YOUR TASK>
Repeat only these lines, exactly: the first line of the data, the line containing "doc.styles.add('굴림', font='Gulim.ttf')", and every line between them. Pictures stay out.

====

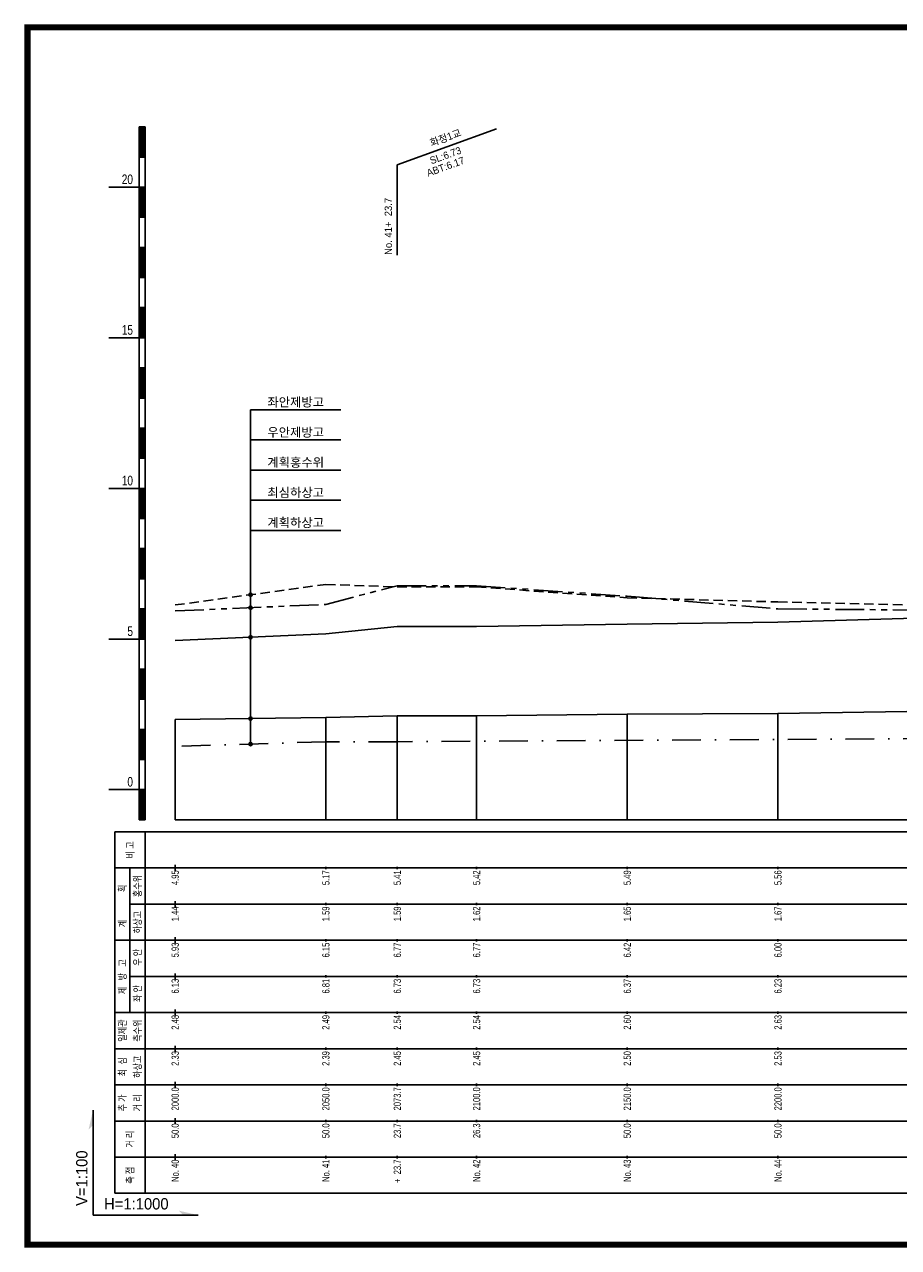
# Model space of a CAD drawing. Header units: metres. Extents: x -2 to 1691, y -14 to 5352.
# Tile 9 of 23: x 40 to 330, y 1935 to 2341. Entities that reach past the tile are written whole.
import ezdxf
from ezdxf.enums import TextEntityAlignment as Align

# ---------------------------------------------------------------- set-up
doc = ezdxf.new("R2010")
doc.units = ezdxf.units.M
doc.header["$LTSCALE"] = 5
for name, pattern in [('CENTER', [50.8, 31.75, -6.35, 6.35, -6.35]), ('DASHDOT2', [12.7, 6.35, -3.175, 0, -3.175]), ('DASHED', [19.05, 12.7, -6.35]), ('PHANTOMX2', [127, 63.5, -12.7, 12.7, -12.7, 12.7, -12.7])]:
    doc.linetypes.add(name, pattern=pattern)
for name, color, linetype in [('BOX', 6, 'CONTINUOUS'), ('DT1', 3, 'CONTINUOUS'), ('FORM', 7, 'CONTINUOUS'), ('LT1', 4, 'CONTINUOUS'), ('ST1', 7, 'CONTINUOUS'), ('계획하상', 6, 'CONTINUOUS'), ('계획홍수위', 6, 'CONTINUOUS'), ('우안제방고', 3, 'CONTINUOUS'), ('좌안제방고', 2, 'CONTINUOUS')]:
    doc.layers.add(name, color=color, linetype=linetype)
doc.styles.get("Standard").update_dxf_attribs({"font": 'Gulim.ttf', "width": 0.8})
doc.styles.add('굴림', font='Gulim.ttf')

msp = doc.modelspace()

# ---------------------------------------------------------------- hatches: boundary and pattern name
at = {"layer": 'LT1', "linetype": 'Continuous'}
h = msp.add_hatch(color=2, dxfattribs=at)
edge = h.paths.add_edge_path()
edge.add_arc((115, 2151.7), 0.549, 0, 360)
h = msp.add_hatch(color=2, dxfattribs=at)
edge = h.paths.add_edge_path()
edge.add_arc((115, 2147.4), 0.549, 0, 360)
h = msp.add_hatch(color=2, dxfattribs=at)
edge = h.paths.add_edge_path()
edge.add_arc((115, 2137.6), 0.549, 0, 360)
h = msp.add_hatch(color=2, dxfattribs=at)
edge = h.paths.add_edge_path()
edge.add_arc((115, 2110.6), 0.549, 0, 360)
h = msp.add_hatch(color=2, dxfattribs=at)
edge = h.paths.add_edge_path()
edge.add_arc((115, 2102.14), 0.549, 0, 360)

# ---------------------------------------------------------------- linework, layer by layer
at = {"layer": 'BOX', "color": 6, "linetype": 'Continuous', "const_width": 2}
msp.add_lwpolyline([(41, 1936), (619, 1936), (619, 2340), (41, 2340)], close=True, dxfattribs=at)
at = {"layer": 'FORM', "color": 7}
for q in [(62.76, 1980.64), (97.64, 1945.76)]:
    msp.add_line((62.76, 1945.76), q, dxfattribs=at)
for points in [[(62.76, 1980.64), (61.26, 1974.14), (62.76, 1975.64)], [(97.64, 1945.76), (91.14, 1947.26), (92.64, 1945.76)]]:
    msp.add_solid(points, dxfattribs=at)
at = {"layer": 'LT1', "linetype": 'Continuous'}
for p, q in [((78, 2077), (78, 2307)), ((78, 2307), (80, 2307)), ((78.5, 2306.8), (78.5, 2297.2)), ((79, 2306.8), (79, 2297.2)), ((79.5, 2306.8), (79.5, 2297.2)), ((80, 2077), (80, 2307)), ((163.7, 2294.4), (196.59, 2306.37)), ((78, 2297), (80, 2297)), ((163.7, 2264.4), (163.7, 2294.4)), ((68, 2287), (78, 2287)), ((78, 2287), (80, 2287)), ((78.5, 2286.8), (78.5, 2277.2)), ((79, 2286.8), (79, 2277.2)), ((79.5, 2286.8), (79.5, 2277.2)), ((78, 2277), (80, 2277)), ((78, 2267), (80, 2267)), ((78.5, 2266.8), (78.5, 2257.2)), ((79, 2266.8), (79, 2257.2)), ((79.5, 2266.8), (79.5, 2257.2)), ((78, 2257), (80, 2257)), ((78, 2247), (80, 2247)), ((78.5, 2246.8), (78.5, 2237.2)), ((79, 2246.8), (79, 2237.2)), ((79.5, 2246.8), (79.5, 2237.2)), ((68, 2237), (78, 2237)), ((78, 2237), (80, 2237)), ((78, 2227), (80, 2227)), ((78.5, 2226.8), (78.5, 2217.2)), ((79, 2226.8), (79, 2217.2)), ((79.5, 2226.8), (79.5, 2217.2)), ((78, 2217), (80, 2217)), ((78, 2207), (80, 2207)), ((78.5, 2206.8), (78.5, 2197.2)), ((79, 2206.8), (79, 2197.2)), ((79.5, 2206.8), (79.5, 2197.2)), ((78, 2197), (80, 2197)), ((68, 2187), (78, 2187)), ((78, 2187), (80, 2187)), ((78.5, 2186.8), (78.5, 2177.2)), ((79, 2186.8), (79, 2177.2)), ((79.5, 2186.8), (79.5, 2177.2)), ((78, 2177), (80, 2177)), ((78, 2167), (80, 2167)), ((78.5, 2166.8), (78.5, 2157.2)), ((79, 2166.8), (79, 2157.2)), ((79.5, 2166.8), (79.5, 2157.2)), ((78, 2157), (80, 2157)), ((78, 2147), (80, 2147)), ((78.5, 2146.8), (78.5, 2137.2)), ((79, 2146.8), (79, 2137.2)), ((79.5, 2146.8), (79.5, 2137.2)), ((68, 2137), (78, 2137)), ((78, 2137), (80, 2137)), ((78, 2127), (80, 2127)), ((78.5, 2126.8), (78.5, 2117.2)), ((79, 2126.8), (79, 2117.2)), ((79.5, 2126.8), (79.5, 2117.2)), ((78, 2117), (80, 2117)), ((163.7, 2077), (163.7, 2111.5)), ((190, 2077), (190, 2111.5)), ((240, 2077), (240, 2112)), ((290, 2077), (290, 2112.3)), ((90, 2077), (90, 2110.3)), ((140, 2077), (140, 2110.9)), ((78, 2107), (80, 2107)), ((78.5, 2106.8), (78.5, 2097.2)), ((79, 2106.8), (79, 2097.2)), ((79.5, 2106.8), (79.5, 2097.2)), ((78, 2097), (80, 2097)), ((68, 2087), (78, 2087)), ((78, 2087), (80, 2087)), ((78.5, 2086.8), (78.5, 2077.2)), ((79, 2086.8), (79, 2077.2)), ((79.5, 2086.8), (79.5, 2077.2)), ((78, 2077), (80, 2077)), ((90, 2077), (590, 2077)), ((90, 2060), (90, 2062)), ((140, 2060.6), (140, 2061.4)), ((163.7, 2060.6), (163.7, 2061.4)), ((190, 2060.6), (190, 2061.4)), ((240, 2060.6), (240, 2061.4)), ((290, 2060.6), (290, 2061.4)), ((90, 2048), (90, 2050)), ((140, 2048.6), (140, 2049.4)), ((163.7, 2048.6), (163.7, 2049.4)), ((190, 2048.6), (190, 2049.4)), ((240, 2048.6), (240, 2049.4)), ((290, 2048.6), (290, 2049.4)), ((90, 2036), (90, 2038)), ((140, 2036.6), (140, 2037.4)), ((163.7, 2036.6), (163.7, 2037.4)), ((190, 2036.6), (190, 2037.4)), ((240, 2036.6), (240, 2037.4)), ((290, 2036.6), (290, 2037.4)), ((90, 2024), (90, 2026)), ((140, 2024.6), (140, 2025.4)), ((163.7, 2024.6), (163.7, 2025.4)), ((190, 2024.6), (190, 2025.4)), ((240, 2024.6), (240, 2025.4)), ((290, 2024.6), (290, 2025.4)), ((90, 2012), (90, 2014)), ((140, 2012.6), (140, 2013.4)), ((163.7, 2012.6), (163.7, 2013.4)), ((190, 2012.6), (190, 2013.4)), ((240, 2012.6), (240, 2013.4)), ((290, 2012.6), (290, 2013.4)), ((90, 2000), (90, 2002)), ((140, 2000.6), (140, 2001.4)), ((163.7, 2000.6), (163.7, 2001.4)), ((190, 2000.6), (190, 2001.4)), ((240, 2000.6), (240, 2001.4)), ((290, 2000.6), (290, 2001.4)), ((90, 1988), (90, 1990)), ((140, 1988.6), (140, 1989.4)), ((163.7, 1988.6), (163.7, 1989.4)), ((190, 1988.6), (190, 1989.4)), ((240, 1988.6), (240, 1989.4)), ((290, 1988.6), (290, 1989.4)), ((90, 1976), (90, 1978)), ((140, 1976.6), (140, 1977.4)), ((163.7, 1976.6), (163.7, 1977.4)), ((190, 1976.6), (190, 1977.4)), ((240, 1976.6), (240, 1977.4)), ((290, 1976.6), (290, 1977.4)), ((90, 1964), (90, 1966)), ((140, 1964.6), (140, 1965.4)), ((163.7, 1964.6), (163.7, 1965.4)), ((190, 1964.6), (190, 1965.4)), ((240, 1964.6), (240, 1965.4)), ((290, 1964.6), (290, 1965.4))]:
    msp.add_line(p, q, dxfattribs=at)
at = {"layer": 'LT1', "color": 2, "linetype": 'Continuous'}
for points in [[(115, 2213.07), (145, 2213.07)], [(115, 2213.07), (115, 2102.14)], [(115, 2203.07), (145, 2203.07)], [(115, 2193.07), (145, 2193.07)], [(115, 2183.07), (145, 2183.07)], [(115, 2173.07), (145, 2173.07)]]:
    msp.add_lwpolyline(points, dxfattribs=at)
at = {"layer": 'LT1', "linetype": 'Continuous'}
msp.add_lwpolyline([(90, 2110.3), (140, 2110.9), (163.7, 2111.5), (190, 2111.5), (240, 2112), (290, 2112.3), (340, 2113), (390, 2112.6), (440, 2113), (490, 2113.3), (540, 2112.9), (540, 2112.9), (590, 2113.4)], dxfattribs=at)
at = {"layer": 'LT1', "color": 2, "linetype": 'Continuous'}
for centre in [(115, 2151.7), (115, 2147.4), (115, 2137.6), (115, 2110.6), (115, 2102.14)]:
    msp.add_circle(centre, 0.549, dxfattribs=at)
at = {"layer": 'ST1', "linetype": 'Continuous'}
for p, q in [((70, 1953), (70, 2073)), ((70, 2073), (600, 2073)), ((80, 1953), (80, 2073)), ((70, 2061), (600, 2061)), ((75, 2037), (75, 2061)), ((75, 2049), (600, 2049)), ((70, 2037), (600, 2037)), ((75, 2013), (75, 2037)), ((75, 2025), (600, 2025)), ((70, 2013), (600, 2013)), ((70, 2001), (600, 2001)), ((70, 1989), (600, 1989)), ((70, 1977), (600, 1977)), ((70, 1965), (600, 1965)), ((70, 1953), (600, 1953))]:
    msp.add_line(p, q, dxfattribs=at)
at = {"layer": '계획하상', "linetype": 'DASHDOT2', "ltscale": 0.3}
msp.add_lwpolyline([(590, 2105.42), (163.7, 2102.9), (140, 2102.9), (90, 2101.38)], dxfattribs=at)
at = {"layer": '계획홍수위', "linetype": 'CENTER'}
msp.add_lwpolyline([(90, 2136.5), (140, 2138.7), (163.7, 2141.1), (190, 2141.2), (240, 2141.9), (290, 2142.6), (340, 2144.1), (390, 2144.8), (440, 2145.4), (490, 2146.1), (540, 2146.8), (590, 2147.5)], dxfattribs=at)
at = {"layer": '우안제방고', "linetype": 'PHANTOMX2', "ltscale": 0.03}
msp.add_lwpolyline([(90, 2146.3), (140, 2148.5), (163.7, 2154.7), (190, 2154.7), (240, 2151.2), (290, 2147), (340, 2146.6), (390, 2148.6), (440, 2149.6), (490, 2150.6), (540, 2150.5), (540, 2150.5), (590, 2150.7)], dxfattribs=at)
at = {"layer": '좌안제방고', "linetype": 'DASHED', "ltscale": 0.05}
msp.add_lwpolyline([(90, 2148.3), (140, 2155.1), (163.7, 2154.3), (190, 2154.3), (240, 2150.7), (290, 2149.3), (340, 2148.2), (390, 2148.2), (440, 2149.8), (490, 2150.4), (540, 2151.5), (540, 2151.5), (590, 2150.9)], dxfattribs=at)

# ---------------------------------------------------------------- texts
at = {"layer": 'DT1', "linetype": 'Continuous'}
for s, p in [('화정1교', (179.7, 2303.39)), ('SL:6.73', (179.7, 2297.52)), ('ABT:6.17', (179.7, 2293.81))]:
    msp.add_text(s, height=2.4, rotation=20, dxfattribs=at).set_placement(p, align=Align.MIDDLE_CENTER)
at = {"layer": 'DT1', "linetype": 'Continuous', "width": 0.8}
for s, p in [('20', (76, 2288)), ('15', (76, 2238)), ('10', (76, 2188)), ('5', (76, 2138)), ('0', (76, 2088))]:
    msp.add_text(s, height=3.2, dxfattribs=at).set_placement(p, align=Align.RIGHT)
at = {"layer": 'DT1', "linetype": 'Continuous'}
msp.add_text('No. 41+  23.7', height=2.4, rotation=90, dxfattribs=at).set_placement((160.7, 2264.5), align=Align.MIDDLE_LEFT)
for s, p in [('좌안제방고', (130, 2215.65)), ('우안제방고', (130, 2205.65)), ('계획홍수위', (130, 2195.65)), ('최심하상고', (130, 2185.65)), ('계획하상고', (130, 2175.65))]:
    msp.add_text(s, height=3, dxfattribs=at).set_placement(p, align=Align.MIDDLE_CENTER)
at = {"layer": 'DT1', "linetype": 'Continuous', "width": 0.8}
for s, p in [('비 고', (75.06, 2067)), ('  획', (72.5, 2053.5)), ('홍수위', (77.5, 2055)), ('하상고', (77.5, 2043)), ('   계', (72.5, 2041.5)), ('제   방   고', (72.5, 2024.91)), (' 우 안', (77.5, 2031)), (' 좌 안', (77.5, 2019)), ('일제관', (72.5, 2007)), ('측수위', (77.5, 2007)), ('최  심', (72.5, 1995)), ('하상고', (77.5, 1995)), ('추 가', (72.5, 1983)), ('거 리', (77.5, 1983)), ('거 리', (75, 1971)), ('측 점', (75, 1959))]:
    msp.add_text(s, height=2.4, rotation=90, dxfattribs=at).set_placement(p, align=Align.MIDDLE_CENTER)
at = {"layer": 'DT1', "linetype": 'PHANTOMX2', "width": 0.8}
for s, p in [('4.95', (90, 2060.2)), ('5.17', (140, 2060.2)), ('5.41', (163.7, 2060.2)), ('5.42', (190, 2060.2)), ('5.49', (240, 2060.2)), ('5.56', (290, 2060.2)), ('  5.93', (90, 2036.2)), ('  6.15', (140, 2036.2)), ('  6.77', (163.7, 2036.2)), ('  6.77', (190, 2036.2)), ('  6.42', (240, 2036.2)), ('  6.00', (290, 2036.2))]:
    msp.add_text(s, height=2.4, rotation=90, dxfattribs=at).set_placement(p, align=Align.MIDDLE_RIGHT)
at = {"layer": 'DT1', "color": 2, "linetype": 'PHANTOMX2', "width": 0.8}
for s, p in [('1.44', (90, 2048.2)), ('1.59', (140, 2048.2)), ('1.59', (163.7, 2048.2)), ('1.62', (190, 2048.2)), ('1.65', (240, 2048.2)), ('1.67', (290, 2048.2))]:
    msp.add_text(s, height=2.4, rotation=90, dxfattribs=at).set_placement(p, align=Align.MIDDLE_RIGHT)
at = {"layer": 'DT1', "linetype": 'CENTER', "width": 0.8}
for s, p in [('  6.13', (90, 2024.2)), ('  6.81', (140, 2024.2)), ('  6.73', (163.7, 2024.2)), ('  6.73', (190, 2024.2)), ('  6.37', (240, 2024.2)), ('  6.23', (290, 2024.2))]:
    msp.add_text(s, height=2.4, rotation=90, dxfattribs=at).set_placement(p, align=Align.MIDDLE_RIGHT)
at = {"layer": 'DT1', "linetype": 'DASHED', "width": 0.8}
for s, p in [('  2.48', (90, 2012.2)), ('  2.49', (140, 2012.2)), ('  2.54', (163.7, 2012.2)), ('  2.54', (190, 2012.2)), ('  2.60', (240, 2012.2)), ('  2.63', (290, 2012.2))]:
    msp.add_text(s, height=2.4, rotation=90, dxfattribs=at).set_placement(p, align=Align.MIDDLE_RIGHT)
at = {"layer": 'DT1', "linetype": 'Continuous', "width": 0.8}
for s, p in [('  2.33', (90, 2000.2)), ('  2.39', (140, 2000.2)), ('  2.45', (163.7, 2000.2)), ('  2.45', (190, 2000.2)), ('  2.50', (240, 2000.2)), ('  2.53', (290, 2000.2)), ('  2000.0', (90, 1988.2)), ('  2050.0', (140, 1988.2)), ('2073.7', (163.7, 1988.2)), ('  2100.0', (190, 1988.2)), ('  2150.0', (240, 1988.2)), ('  2200.0', (290, 1988.2)), ('  50.0', (90, 1976.2)), ('  50.0', (140, 1976.2)), ('23.7', (163.7, 1976.2)), ('26.3', (190, 1976.2)), ('  50.0', (240, 1976.2)), ('  50.0', (290, 1976.2)), ('No. 40', (90, 1964.2)), ('No. 41', (140, 1964.2)), ('+  23.7', (163.7, 1964.2)), ('No. 42', (190, 1964.2)), ('No. 43', (240, 1964.2)), ('No. 44', (290, 1964.2))]:
    msp.add_text(s, height=2.4, rotation=90, dxfattribs=at).set_placement(p, align=Align.MIDDLE_RIGHT)
at = {"layer": 'FORM', "color": 7, "style": '굴림'}
msp.add_text('V=1:100', height=3.75, rotation=90, dxfattribs=at).set_placement((60.89, 1948.81))
msp.add_text('H=1:1000', height=3.75, dxfattribs=at).set_placement((66.41, 1947.64))

doc.saveas('drawing.dxf')

====

OUTPUT OF THE TASK>
# Model space of a CAD drawing. Header units: metres. Extents: x -2 to 1691, y -14 to 5352.
# Tile 9 of 23: x 40 to 330, y 1935 to 2341. Entities that reach past the tile are written whole.
import ezdxf
from ezdxf.enums import TextEntityAlignment as Align

# ---------------------------------------------------------------- set-up
doc = ezdxf.new("R2010")
doc.units = ezdxf.units.M
doc.header["$LTSCALE"] = 5
for name, pattern in [('CENTER', [50.8, 31.75, -6.35, 6.35, -6.35]), ('DASHDOT2', [12.7, 6.35, -3.175, 0, -3.175]), ('DASHED', [19.05, 12.7, -6.35]), ('PHANTOMX2', [127, 63.5, -12.7, 12.7, -12.7, 12.7, -12.7])]:
    doc.linetypes.add(name, pattern=pattern)
for name, color, linetype in [('BOX', 6, 'CONTINUOUS'), ('DT1', 3, 'CONTINUOUS'), ('FORM', 7, 'CONTINUOUS'), ('LT1', 4, 'CONTINUOUS'), ('ST1', 7, 'CONTINUOUS'), ('계획하상', 6, 'CONTINUOUS'), ('계획홍수위', 6, 'CONTINUOUS'), ('우안제방고', 3, 'CONTINUOUS'), ('좌안제방고', 2, 'CONTINUOUS')]:
    doc.layers.add(name, color=color, linetype=linetype)
doc.styles.get("Standard").update_dxf_attribs({"font": 'Gulim.ttf', "width": 0.8})
doc.styles.add('굴림', font='Gulim.ttf')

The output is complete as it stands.